The nice part is that Atlas already gave me the primitives to do this cleanly: filtered vector search, parallel queries, and normal aggregation logic. I did not need to add a second retrieval system. I just needed to use the database more deliberately.
Critically, when a caller passes an explicit category filter (for example the food-pairing flow), balanced retrieval is bypassed and the original single-scope search runs unchanged.
What I Was Watching Next
At the time I wrote this, I was exploring Atlas's automated embedding feature, which could push even more of this flow into the database path at write time. For this migration, though, the batch pipeline worked well for knowledge ingestion, and the Voyage endpoint handled query-time embedding cleanly.
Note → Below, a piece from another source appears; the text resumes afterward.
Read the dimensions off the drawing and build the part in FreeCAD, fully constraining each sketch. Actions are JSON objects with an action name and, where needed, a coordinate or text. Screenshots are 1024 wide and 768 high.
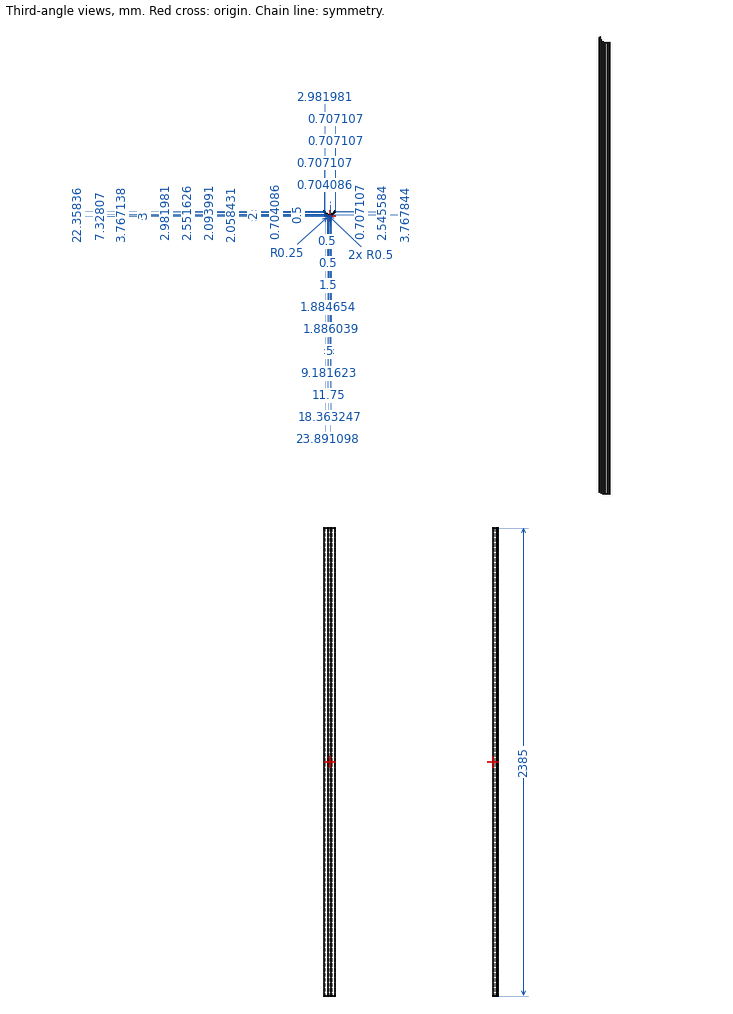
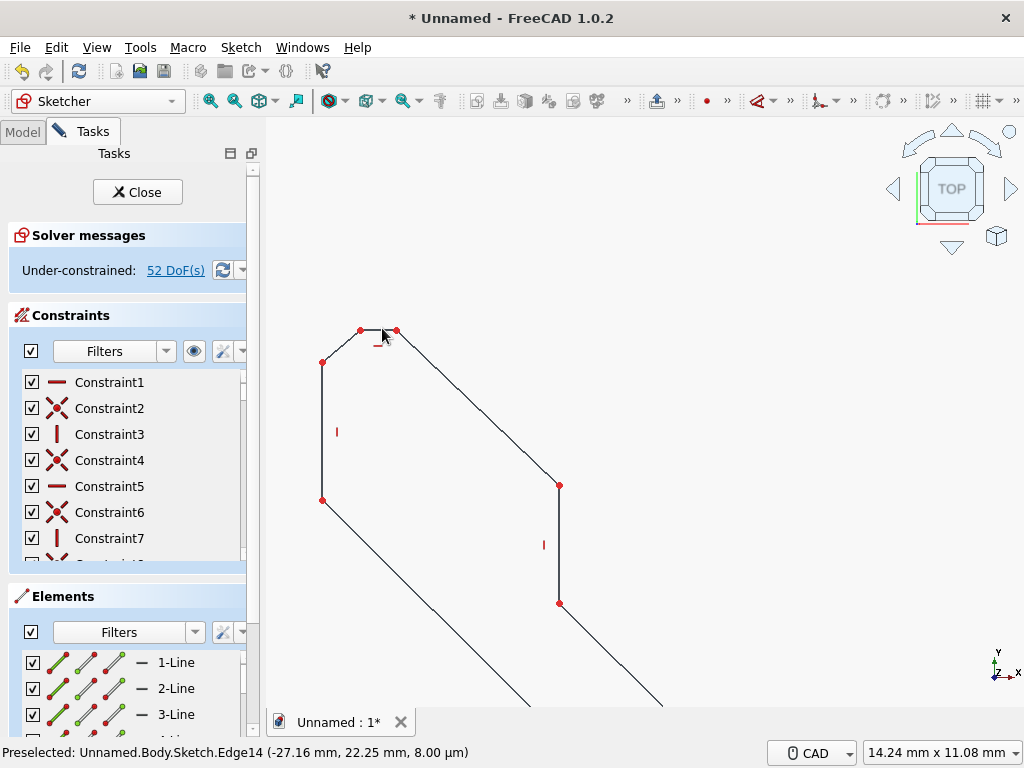
{"action": "scroll", "coordinate": [381, 333], "scroll_direction": "down", "scroll_amount": 10}

The lesson is simple: before adding another service to your stack, check what your current platform already does well. For me, Atlas went from "the database" to "the database, the vector store, and the embedding endpoint" without forcing me to rework my application code.
---
Tannin is an iOS wine discovery app built on MongoDB Atlas, Node.js, and SwiftUI. I use Atlas for operational data, vector search, and now embeddings, all on a single M10 cluster.